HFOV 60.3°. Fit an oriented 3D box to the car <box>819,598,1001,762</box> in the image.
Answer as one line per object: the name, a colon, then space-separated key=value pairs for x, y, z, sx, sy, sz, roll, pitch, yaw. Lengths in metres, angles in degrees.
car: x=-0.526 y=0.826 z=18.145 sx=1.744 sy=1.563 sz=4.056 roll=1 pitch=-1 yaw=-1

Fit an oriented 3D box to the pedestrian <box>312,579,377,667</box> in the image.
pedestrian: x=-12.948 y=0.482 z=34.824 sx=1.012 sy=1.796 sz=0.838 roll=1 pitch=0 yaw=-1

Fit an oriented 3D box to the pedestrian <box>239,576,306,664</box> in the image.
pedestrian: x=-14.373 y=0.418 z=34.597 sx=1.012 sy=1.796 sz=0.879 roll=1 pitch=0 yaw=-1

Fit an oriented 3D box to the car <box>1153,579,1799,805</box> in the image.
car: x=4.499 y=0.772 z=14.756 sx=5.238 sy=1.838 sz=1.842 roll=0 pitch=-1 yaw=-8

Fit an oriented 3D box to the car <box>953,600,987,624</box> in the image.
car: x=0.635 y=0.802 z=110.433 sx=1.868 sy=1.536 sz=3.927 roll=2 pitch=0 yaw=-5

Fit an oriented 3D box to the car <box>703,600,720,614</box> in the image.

* _Work order_: Using the data above, return each line exactly as written.

* _Result below_:
HFOV 60.3°. Fit an oriented 3D box to the car <box>819,598,1001,762</box> in the image.
Answer as one line per object: the name, a colon, then space-separated key=value pairs for x, y, z, sx, sy, sz, roll, pitch, yaw. Lengths in metres, angles in degrees.
car: x=-0.526 y=0.826 z=18.145 sx=1.744 sy=1.563 sz=4.056 roll=1 pitch=-1 yaw=-1

Fit an oriented 3D box to the pedestrian <box>312,579,377,667</box> in the image.
pedestrian: x=-12.948 y=0.482 z=34.824 sx=1.012 sy=1.796 sz=0.838 roll=1 pitch=0 yaw=-1

Fit an oriented 3D box to the pedestrian <box>239,576,306,664</box> in the image.
pedestrian: x=-14.373 y=0.418 z=34.597 sx=1.012 sy=1.796 sz=0.879 roll=1 pitch=0 yaw=-1

Fit an oriented 3D box to the car <box>1153,579,1799,805</box> in the image.
car: x=4.499 y=0.772 z=14.756 sx=5.238 sy=1.838 sz=1.842 roll=0 pitch=-1 yaw=-8

Fit an oriented 3D box to the car <box>953,600,987,624</box> in the image.
car: x=0.635 y=0.802 z=110.433 sx=1.868 sy=1.536 sz=3.927 roll=2 pitch=0 yaw=-5

Fit an oriented 3D box to the car <box>703,600,720,614</box> in the image.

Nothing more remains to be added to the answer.